Der Flaschenkürbis, aus dem die Kalebasse hergestellt wird, wächst in tropischen und subtropischen Ländern und kann, wenn er ausgehöhlt wird, vielseitig verwendet werden. Schau einfach bei gut sortierten Gemüsehändlern ob sie Flaschenkürbisse haben. Falls nicht, können sie dir vielleicht sagen, wo du einen solchen Kürbis bekommst. Sobald du ein Exemplar ergattert hast, köpfe den Kürbis im Bereich des Stils, höhle ihn dann komplett aus und lass ihn über Nacht gut trocknen.

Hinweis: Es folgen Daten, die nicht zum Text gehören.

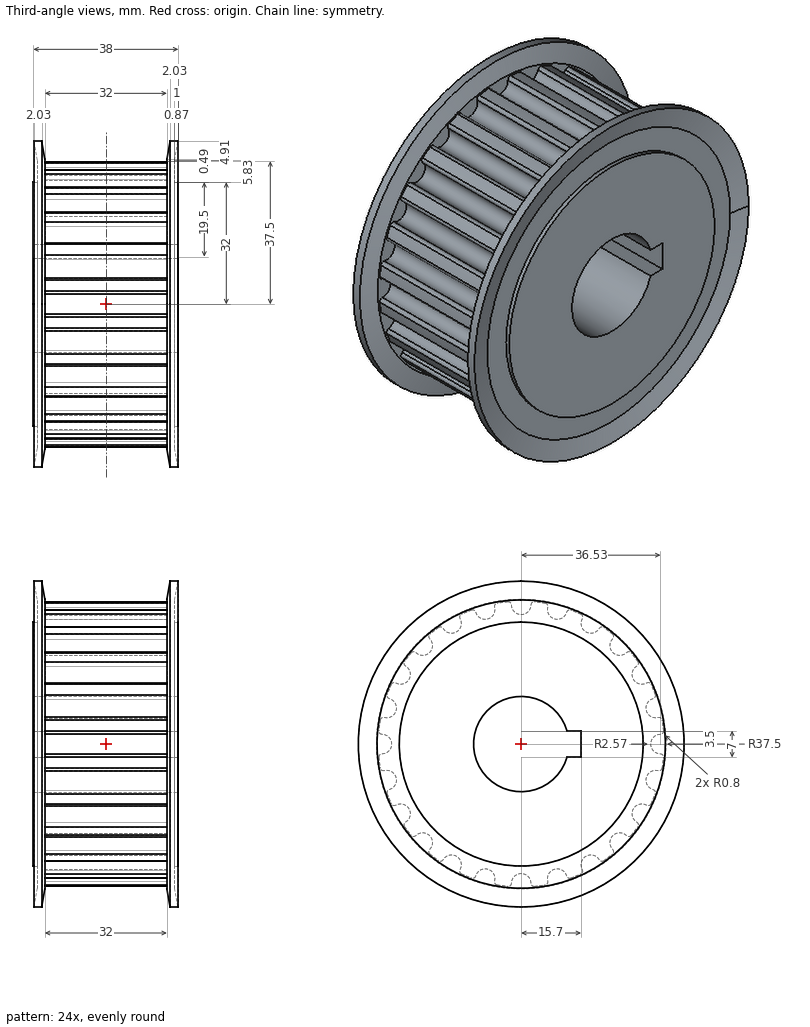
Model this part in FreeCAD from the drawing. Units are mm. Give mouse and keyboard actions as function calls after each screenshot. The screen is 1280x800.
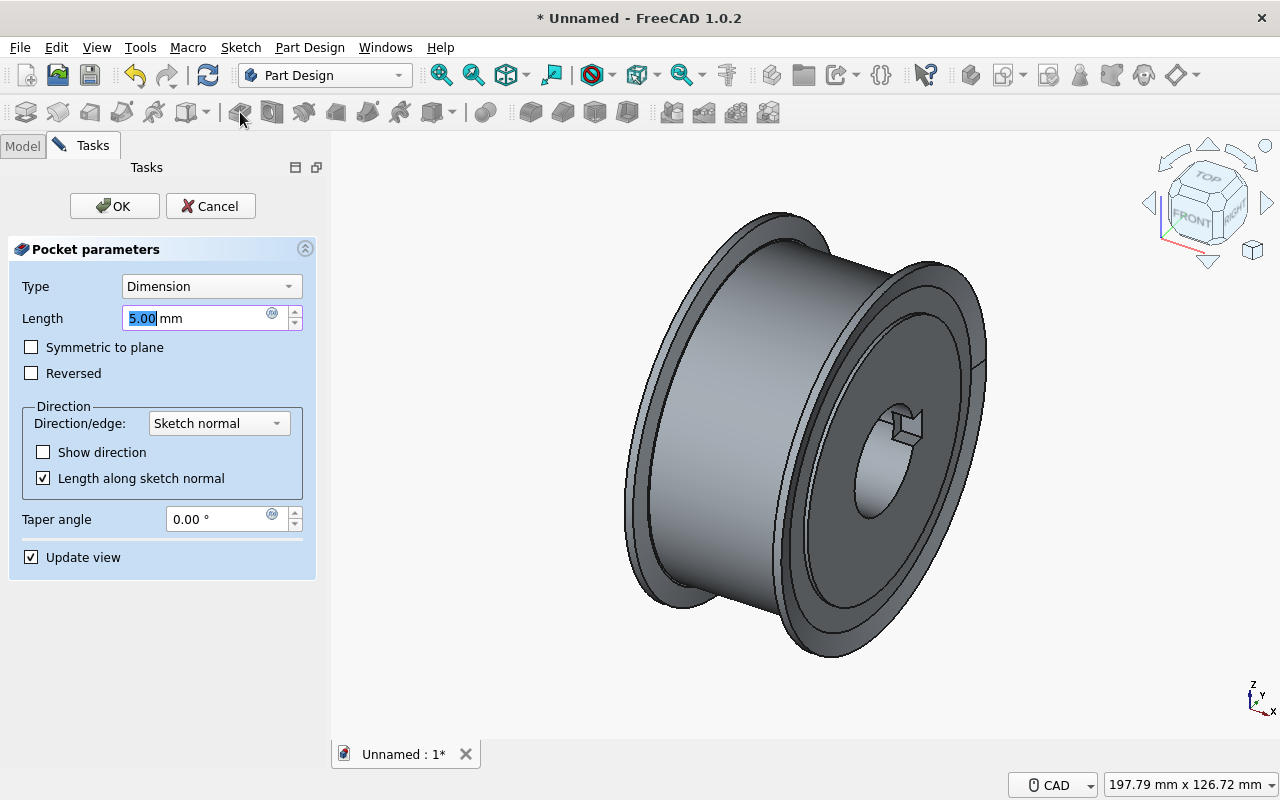
click(212, 286)

Um die Dichtigkeit zu testen, füllst du den getrockneten Kürbis zur Hälfte mit warmem Wasser und lass ihn dann für einige Stunden auf einem Teller stehen. Dabei kann die Flüssigkeit auch in das Material dringen, so dass Wasser nachgefüllt werden muss. Ist alles dicht, kannst du eventuell übriggebliebene Kern- und Fleischreste auskratzen. Jetzt heißt es warten: der Kürbis sollte offen trocknen, bis er dunkelgrün bis schwarz geworden ist. Das kann bei normaler Zimmertemperatur ein bis zwei Wochen dauern. Falls du also möglichst schnell deinen Mate Tee genießen willst solltest du eine fertige Kalebasse kaufen.